Contributor(s): Matthew Haughn

Second-level address translation (SLAT) is a hardware virtualization technology that reduces hypervisor overhead.

To do so, SLAT addresses the inefficiencies associated with looking up virtualized memory addresses in software shadow volumes. The technology exists as a CPU feature: an added translation lookaside buffer (TLB) that contains a real-time updated cache of virtualized memory addresses and their corresponding physical addresses.

Virtualization is a core technology for many data centers, but the software layer introduced by a hypervisor imposes computing overhead that reduces the resources available to virtual machines (VMs). Physical computing resources must be presented to VMs as virtualized resources -- this is the essence of abstraction, which insulates workloads from the underlying computing hardware. When retrieved from SLAT rather than through a standard look-up operation, performance is enhanced because the memory address is stored on processor. Latency is reduced and the system only goes through one memory look-up operation rather than two.

As memory is addressed in a virtualized system, values referenced are added to SLAT. The TLB holds recent page table mappings generated by the hypervisor. When a virtual-to-physical address translation is requested, the hypervisor queries the TLB for mapping information. If there's a match, the physical address is returned to the hypervisor -- without the memory and CPU resources that would be required for translation. This is the "second level" of address translation. If there is no match, the hypervisor checks the traditional page table and perform the normal address translation. The hypervisor will then save the new translation to the TLB for future reference. 

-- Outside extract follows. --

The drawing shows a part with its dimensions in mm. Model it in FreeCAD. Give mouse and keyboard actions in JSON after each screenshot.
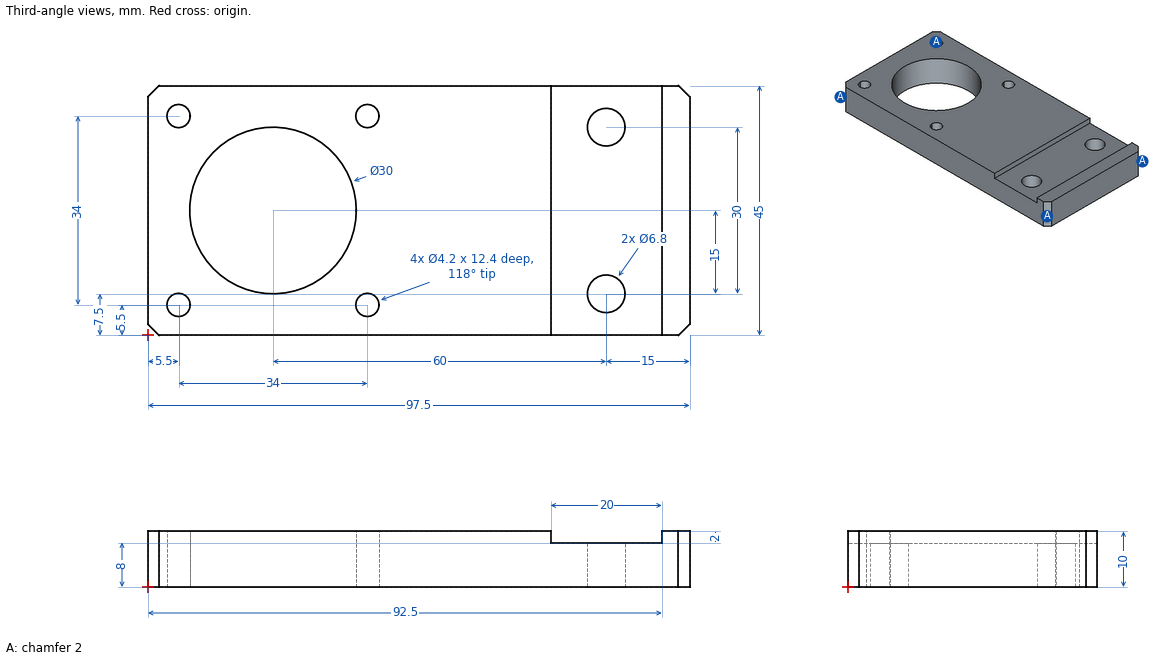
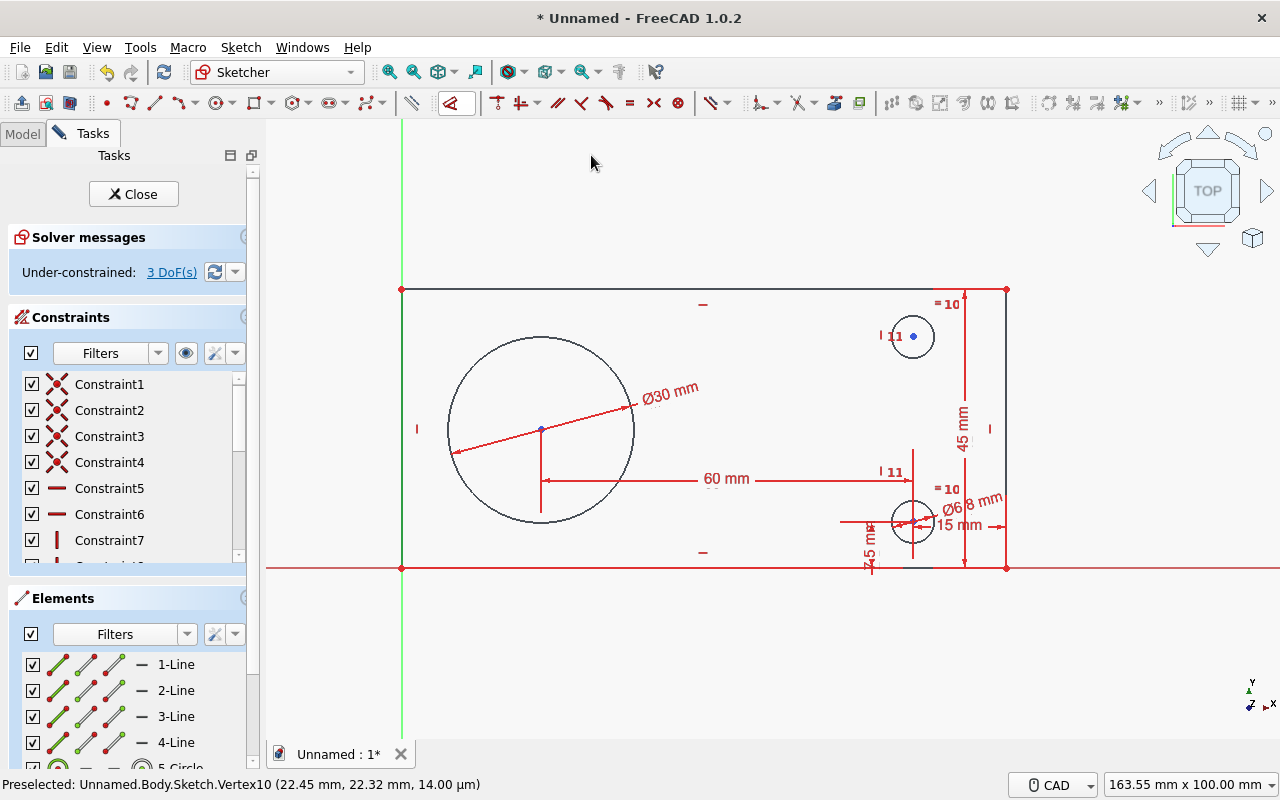
{"action": "left_click", "coordinate": [913, 522]}

Both Intel and AMD support SLAT. Core i3, i5 and i7 all support what Intel calls their technology: extended page table (EPT). AMD processors include SLAT since their Barcelona architecture. AMD calls their SLAT rapid virtualization indexing (RVI). Both can offer performance increases of up to about 40 percent in heavy virtualization situations and even up to 600 percent in micro benchmarks.

There are a number of hypervisors that support SLAT, including KVM 2.6.26, VirtualBox 2 (and later), Vmware ESX 3.5 (and later), Xen 3.2.0 (and later). Bhyve and Windows 8-based systems not only support SLAT but require it.